> [Prompt]:
Read the records below and copy each line that contains "knobSecondOpen".
─── Data extract ───
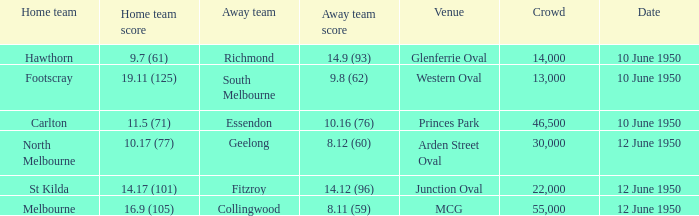What was the crowd when Melbourne was the home team? 55000.0. 
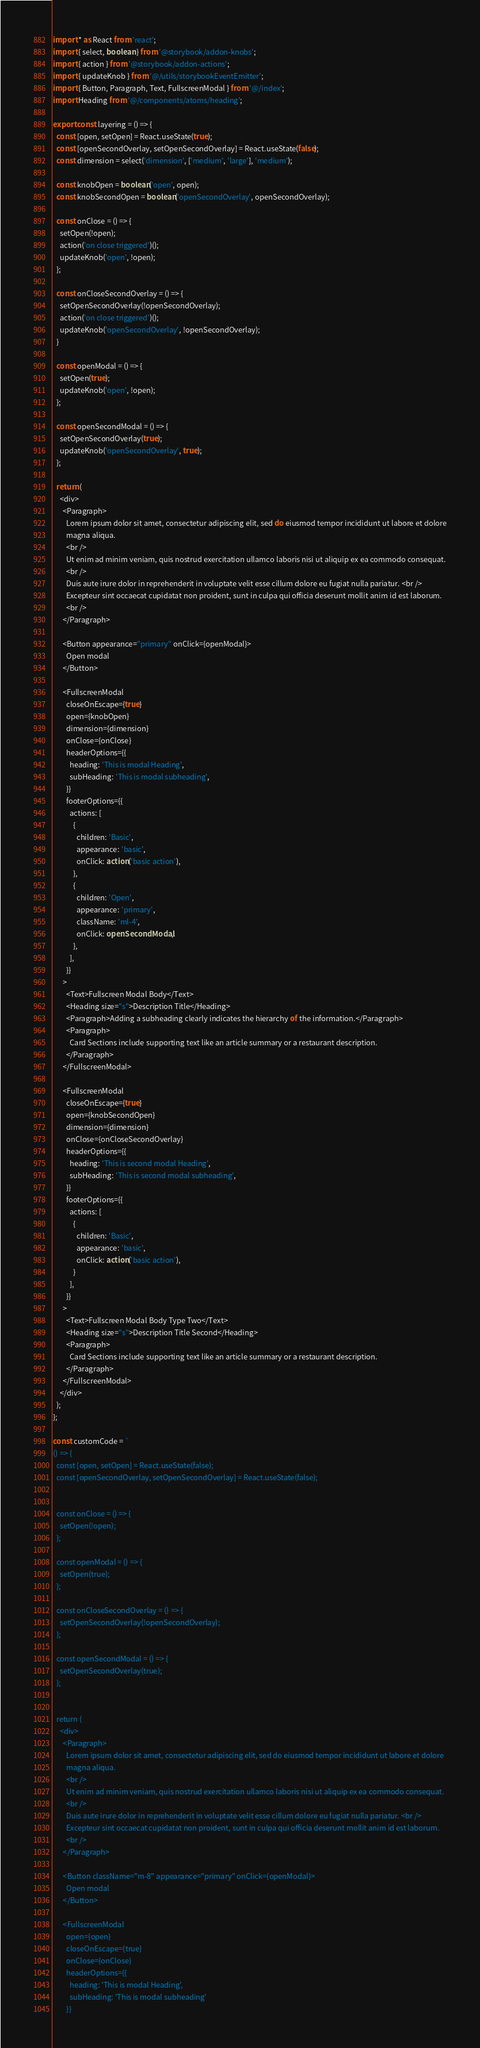Convert code to text. <code><loc_0><loc_0><loc_500><loc_500><_TypeScript_>import * as React from 'react';
import { select, boolean } from '@storybook/addon-knobs';
import { action } from '@storybook/addon-actions';
import { updateKnob } from '@/utils/storybookEventEmitter';
import { Button, Paragraph, Text, FullscreenModal } from '@/index';
import Heading from '@/components/atoms/heading';

export const layering = () => {
  const [open, setOpen] = React.useState(true);
  const [openSecondOverlay, setOpenSecondOverlay] = React.useState(false);
  const dimension = select('dimension', ['medium', 'large'], 'medium');

  const knobOpen = boolean('open', open);
  const knobSecondOpen = boolean('openSecondOverlay', openSecondOverlay);

  const onClose = () => {
    setOpen(!open);
    action('on close triggered')();
    updateKnob('open', !open);
  };

  const onCloseSecondOverlay = () => {
    setOpenSecondOverlay(!openSecondOverlay);
    action('on close triggered')();
    updateKnob('openSecondOverlay', !openSecondOverlay);
  }

  const openModal = () => {
    setOpen(true);
    updateKnob('open', !open);
  };

  const openSecondModal = () => {
    setOpenSecondOverlay(true);
    updateKnob('openSecondOverlay', true);
  };

  return (
    <div>
      <Paragraph>
        Lorem ipsum dolor sit amet, consectetur adipiscing elit, sed do eiusmod tempor incididunt ut labore et dolore
        magna aliqua.
        <br />
        Ut enim ad minim veniam, quis nostrud exercitation ullamco laboris nisi ut aliquip ex ea commodo consequat.
        <br />
        Duis aute irure dolor in reprehenderit in voluptate velit esse cillum dolore eu fugiat nulla pariatur. <br />
        Excepteur sint occaecat cupidatat non proident, sunt in culpa qui officia deserunt mollit anim id est laborum.
        <br />
      </Paragraph>

      <Button appearance="primary" onClick={openModal}>
        Open modal
      </Button>

      <FullscreenModal
        closeOnEscape={true}
        open={knobOpen}
        dimension={dimension}
        onClose={onClose}
        headerOptions={{
          heading: 'This is modal Heading',
          subHeading: 'This is modal subheading',
        }}
        footerOptions={{
          actions: [
            {
              children: 'Basic',
              appearance: 'basic',
              onClick: action('basic action'),
            },
            {
              children: 'Open',
              appearance: 'primary',
              className: 'ml-4',
              onClick: openSecondModal,
            },
          ],
        }}
      >
        <Text>Fullscreen Modal Body</Text>
        <Heading size="s">Description Title</Heading>
        <Paragraph>Adding a subheading clearly indicates the hierarchy of the information.</Paragraph>
        <Paragraph>
          Card Sections include supporting text like an article summary or a restaurant description.
        </Paragraph>
      </FullscreenModal>

      <FullscreenModal
        closeOnEscape={true}
        open={knobSecondOpen}
        dimension={dimension}
        onClose={onCloseSecondOverlay}
        headerOptions={{
          heading: 'This is second modal Heading',
          subHeading: 'This is second modal subheading',
        }}
        footerOptions={{
          actions: [
            {
              children: 'Basic',
              appearance: 'basic',
              onClick: action('basic action'),
            }
          ],
        }}
      >
        <Text>Fullscreen Modal Body Type Two</Text>
        <Heading size="s">Description Title Second</Heading>
        <Paragraph>
          Card Sections include supporting text like an article summary or a restaurant description.
        </Paragraph>
      </FullscreenModal>
    </div>
  );
};

const customCode = `
() => {
  const [open, setOpen] = React.useState(false);
  const [openSecondOverlay, setOpenSecondOverlay] = React.useState(false);


  const onClose = () => {
    setOpen(!open);
  };

  const openModal = () => {
    setOpen(true);
  };

  const onCloseSecondOverlay = () => {
    setOpenSecondOverlay(!openSecondOverlay);
  };

  const openSecondModal = () => {
    setOpenSecondOverlay(true);
  };


  return (
    <div>
      <Paragraph>
        Lorem ipsum dolor sit amet, consectetur adipiscing elit, sed do eiusmod tempor incididunt ut labore et dolore
        magna aliqua.
        <br />
        Ut enim ad minim veniam, quis nostrud exercitation ullamco laboris nisi ut aliquip ex ea commodo consequat.
        <br />
        Duis aute irure dolor in reprehenderit in voluptate velit esse cillum dolore eu fugiat nulla pariatur. <br />
        Excepteur sint occaecat cupidatat non proident, sunt in culpa qui officia deserunt mollit anim id est laborum.
        <br />
      </Paragraph>

      <Button className="m-8" appearance="primary" onClick={openModal}>
        Open modal
      </Button>

      <FullscreenModal
        open={open}
        closeOnEscape={true}
        onClose={onClose}
        headerOptions={{
          heading: 'This is modal Heading',
          subHeading: 'This is modal subheading'
        }}</code> 
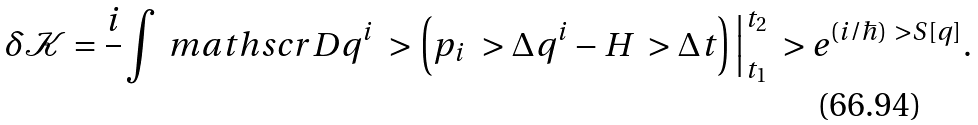<formula> <loc_0><loc_0><loc_500><loc_500>\delta \mathcal { K } & = \frac { i } { } \int \ m a t h s c r { D } q ^ { i } \ > \left ( p _ { i } \ > \Delta q ^ { i } - H \ > \Delta t \right ) \Big | ^ { t _ { 2 } } _ { t _ { 1 } } \ > e ^ { ( i / \hbar { ) } \ > S [ q ] } .</formula> 
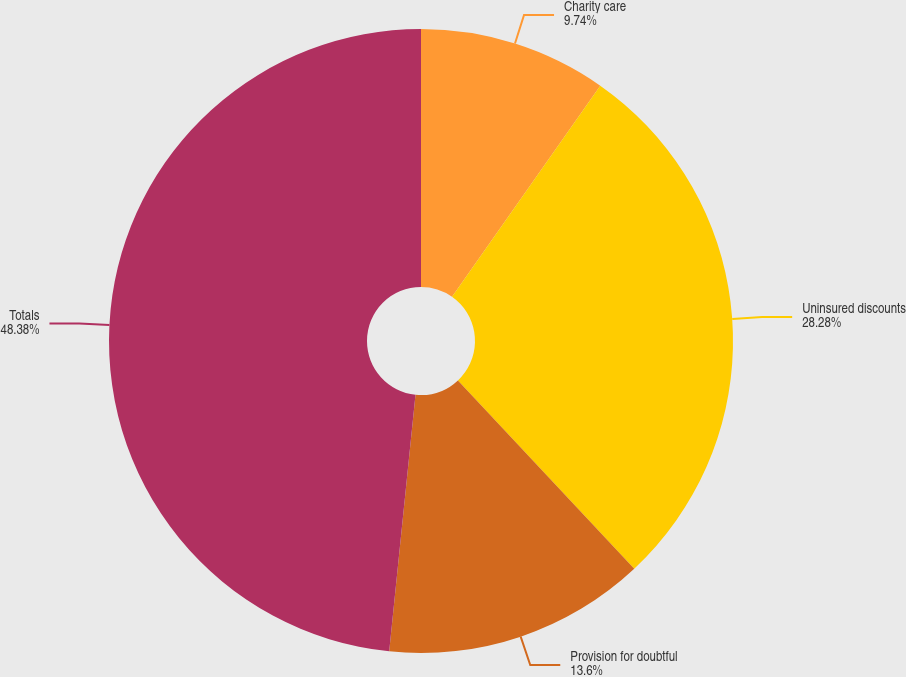<chart> <loc_0><loc_0><loc_500><loc_500><pie_chart><fcel>Charity care<fcel>Uninsured discounts<fcel>Provision for doubtful<fcel>Totals<nl><fcel>9.74%<fcel>28.28%<fcel>13.6%<fcel>48.37%<nl></chart>
───
> [Task result]:
  const knobSecondOpen = boolean('openSecondOverlay', openSecondOverlay);
        open={knobSecondOpen}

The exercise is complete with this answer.